The most far-fetched theories of post-finasteride syndrome

The two most far-fetched theories of post-finasteride syndrome were proposed by a dermatologist and a hair transplant surgeon. Physicians in these specialties tend to fervently deny that the syndrome is a valid medical condition, pointing instead to co-occurring conditions such as diabetes, anxiety, depression or, according to the theories below, delusions or sleep apnea.
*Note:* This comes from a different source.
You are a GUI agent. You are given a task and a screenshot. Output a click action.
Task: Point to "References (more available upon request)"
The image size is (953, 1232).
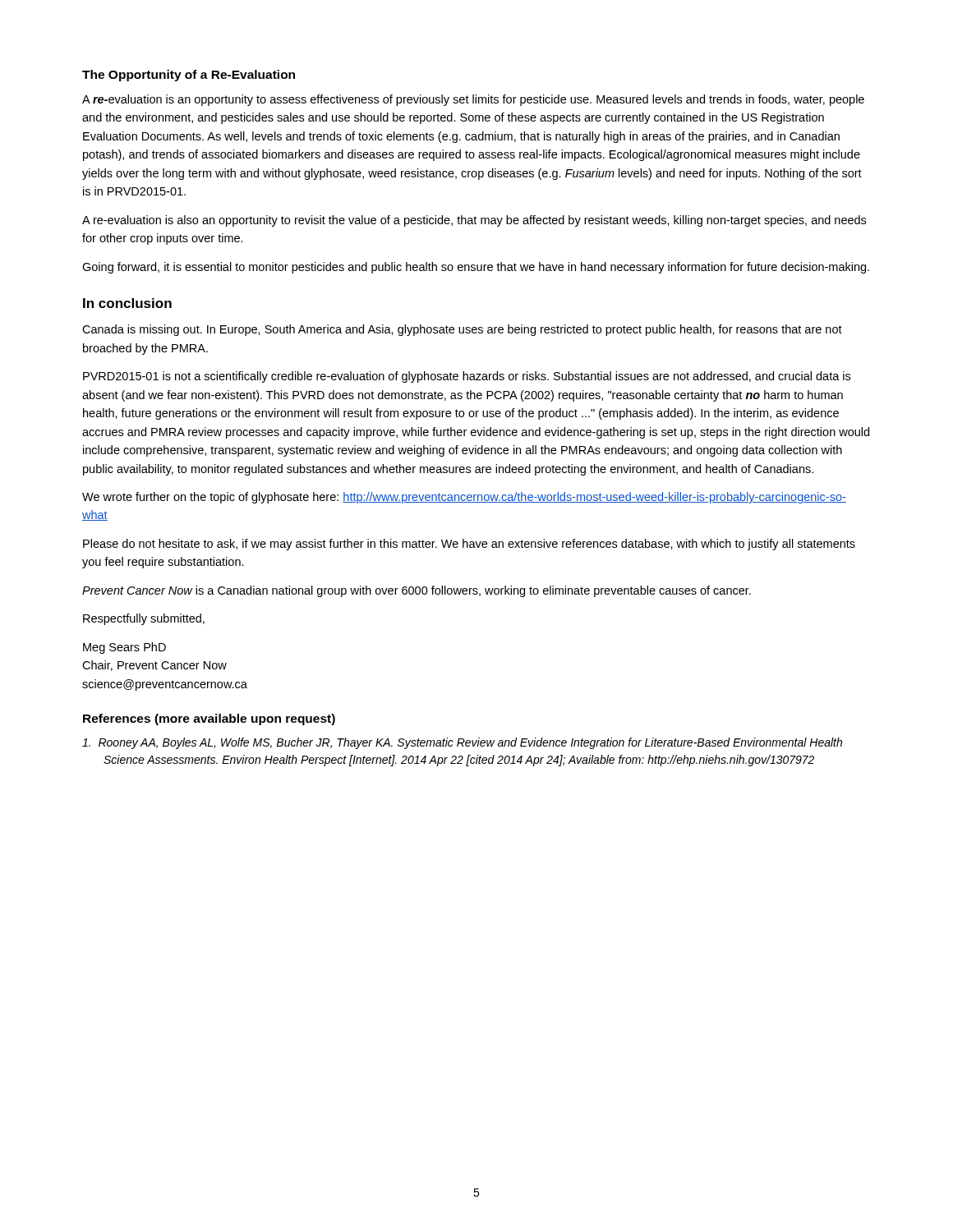click(209, 718)

Theory 1: Delusional disorder

In 2019 the Swiss dermatologist Dr. Ralph Trüeb and colleagues proposed an elaborate theory1 (discussed at length in a separate post). They suggested that post-finasteride syndrome is an “induced delusional disorder” arising in men with histrionic personality disorder, who experience a nocebo effect when they read online forums about the condition. The theory is based on Dr. Trüeb’s impressions of a single case. No new systematic evidence is provided. The link between male pattern hair loss and histrionic personality disorder relies on a misreading of a 1994 paper (see box in this post). Finally, Dr. Trüeb and co-authors appear to lack credentials in psychiatry or psychology, and did not appear to order psychological evaluations of patients, so the theory was not tested.

The theory is based on Dr. Trüeb’s impressions of a single case. No new systematic evidence is provided.
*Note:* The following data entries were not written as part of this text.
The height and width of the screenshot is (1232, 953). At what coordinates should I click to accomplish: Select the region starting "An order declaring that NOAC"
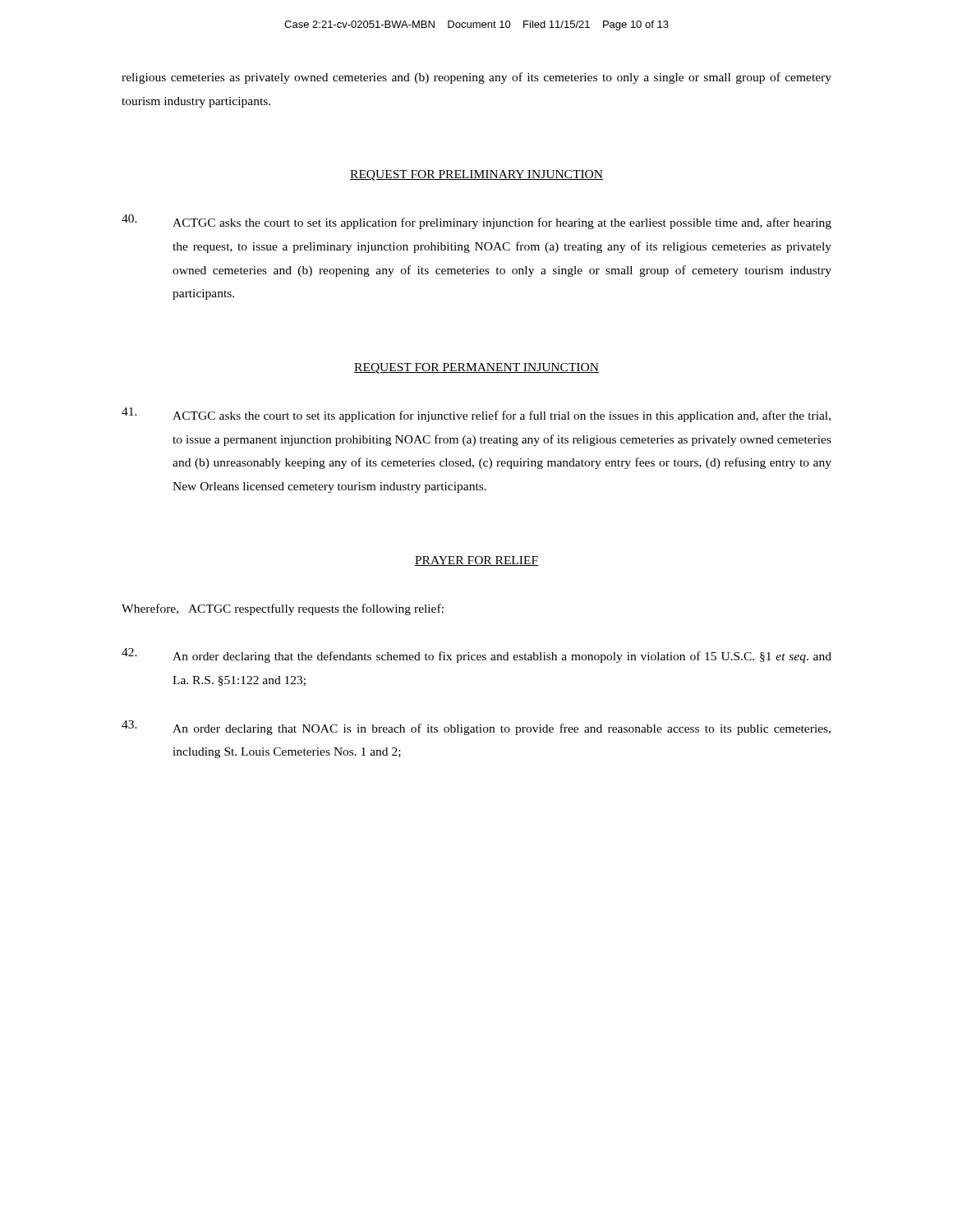[476, 740]
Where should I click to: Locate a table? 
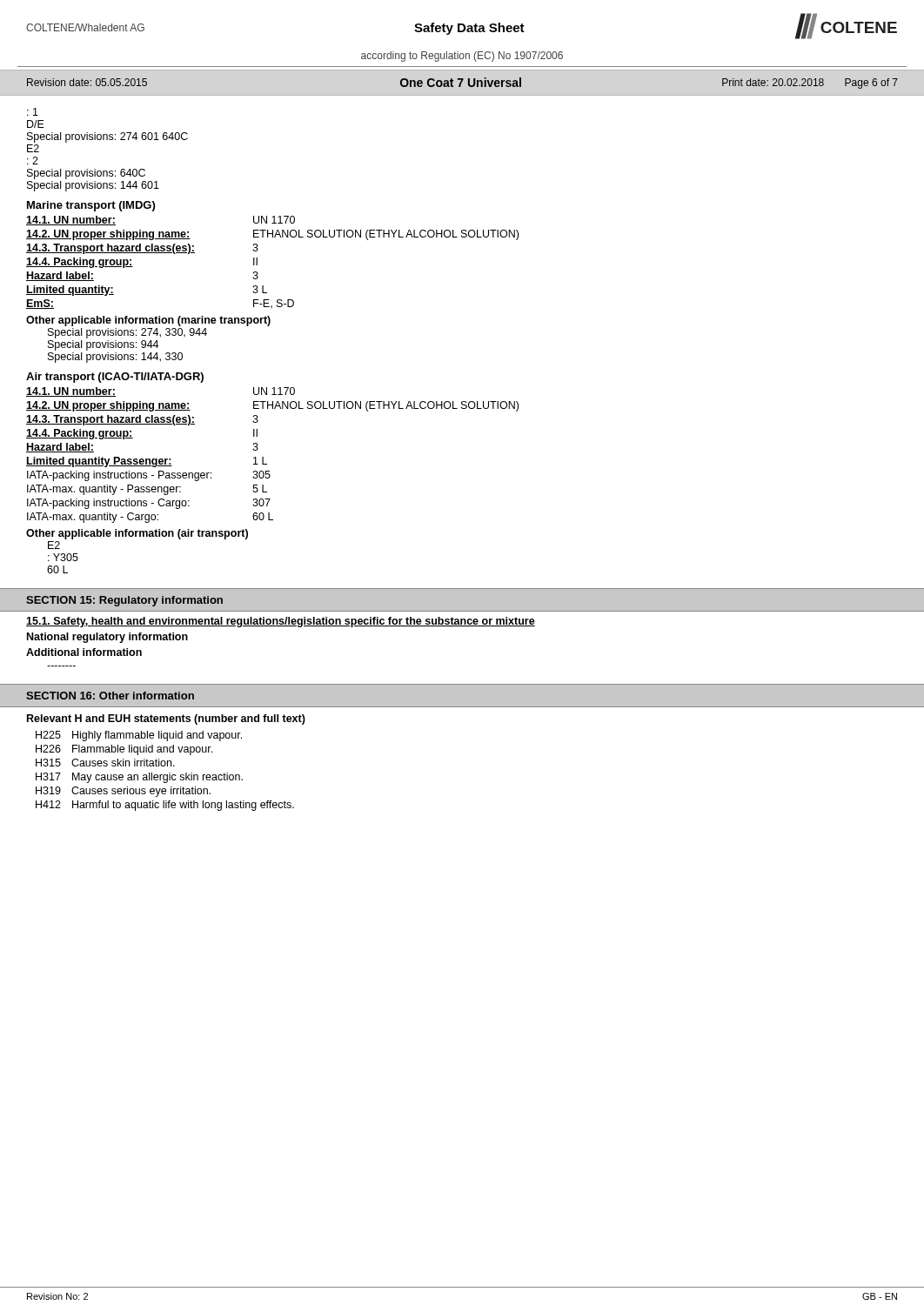[466, 770]
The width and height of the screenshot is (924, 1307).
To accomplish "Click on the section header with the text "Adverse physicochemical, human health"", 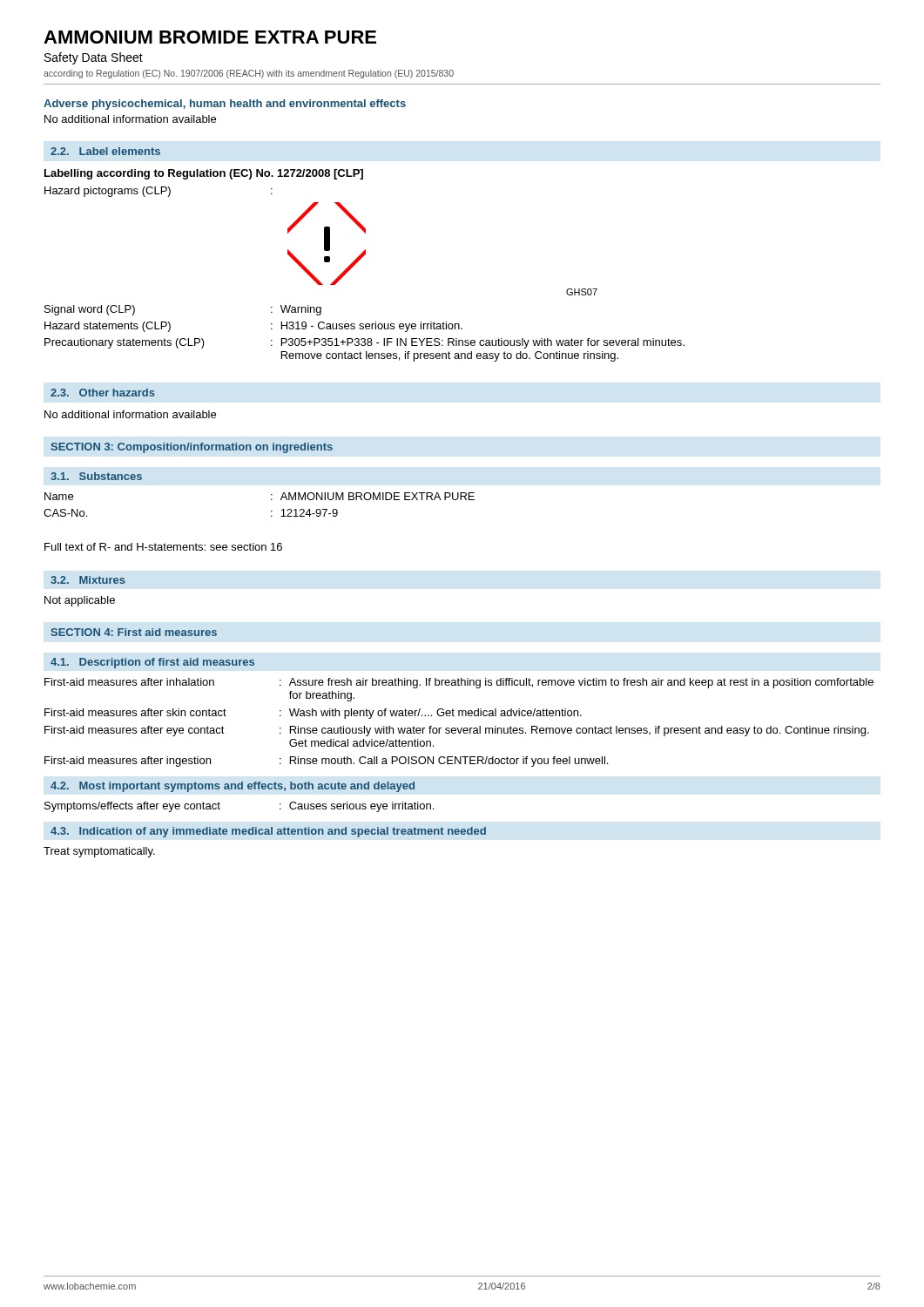I will 225,105.

As background, the Editor-in-Chief of the journal which published this paper, Dr. Antonella Tosti, has disclosed roles as a consultant and speaker for Merck, and co-authored papers on finasteride with Merck researchers.

Theory 2: Sleep apnea as a contributing factor

The second theory was published by hair transplant surgeon Dr. Aditya K. Gupta of the University of Toronto and two colleagues.2 It rests on a finding of elevated risk of obstructive sleep apnea (OSA) linked to finasteride. The authors reason as follows: Because there is a complex relationship among androgen levels, “sleep architecture” and OSA, and post-finasteride syndrome (PFS) may include sleep disturbances, OSA may contribute to PFS symptoms such as erectile dysfunction, fatigue and depression. They also link finasteride to type 2 diabetes which is in turn associated with OSA. OSA is “treatable,” they write, and “patients complaining of PFS-related symptoms may benefit from a further sleep evaluation to rule out underlying OSA.” In other words, what patients think is post-finasteride syndrome may be, at least in part, OSA, a treatable condition.
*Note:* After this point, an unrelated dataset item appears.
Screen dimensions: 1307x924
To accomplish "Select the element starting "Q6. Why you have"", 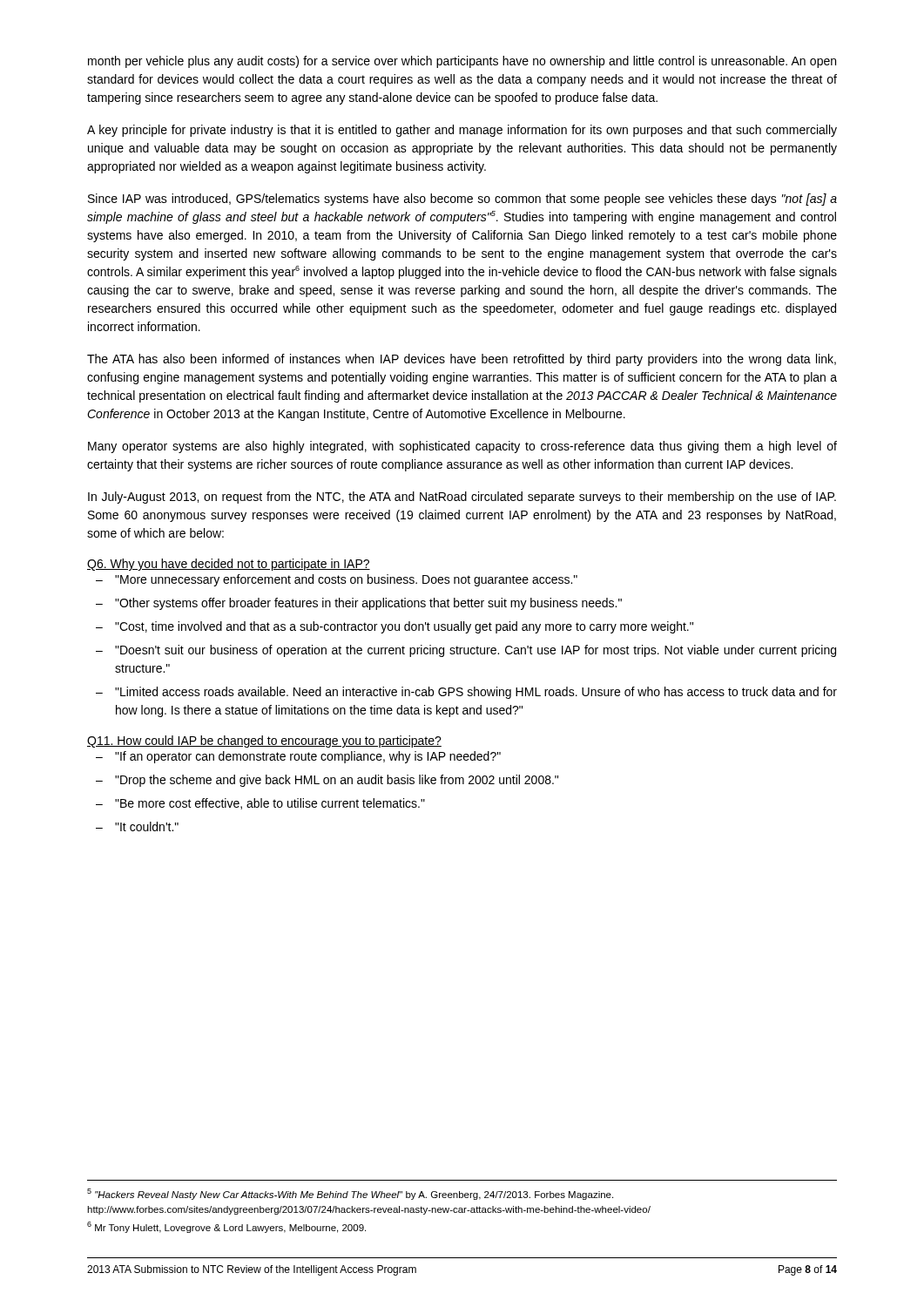I will 228,564.
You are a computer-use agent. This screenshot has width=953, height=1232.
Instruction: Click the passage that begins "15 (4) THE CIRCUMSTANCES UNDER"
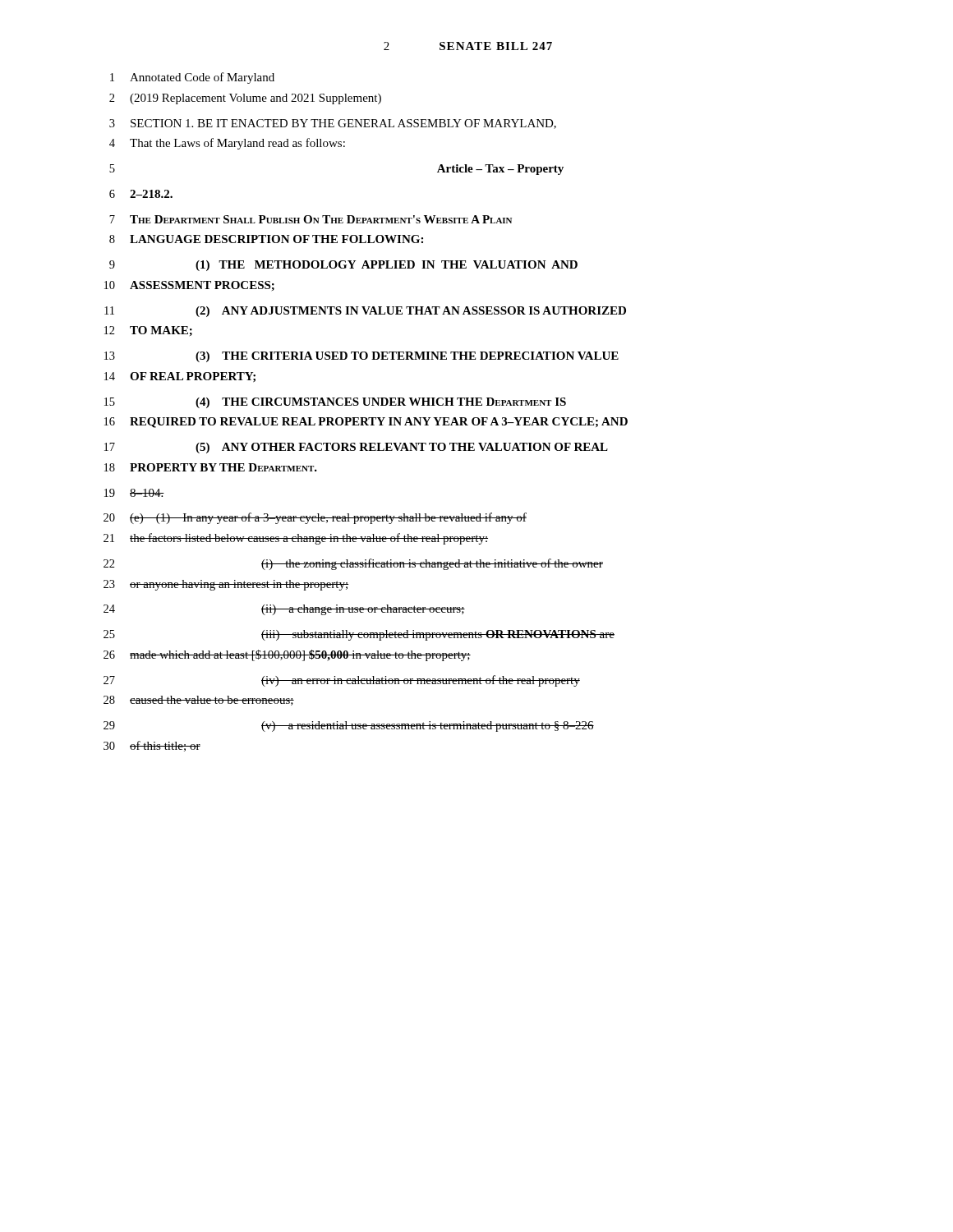point(468,412)

On-drug effects cannot be assumed to apply to post-finasteride syndrome.

This line of reasoning has a fatal flaw: the OSA finding is based on FDA data which typically describes on-drug adverse effects. PFS is a post-drug condition. On-drug effects cannot be assumed to apply to PFS. The authors’ findings therefore do not show a link between OSA and PFS. As a result, their deductions about OSA as a mediating factor in PFS are invalid.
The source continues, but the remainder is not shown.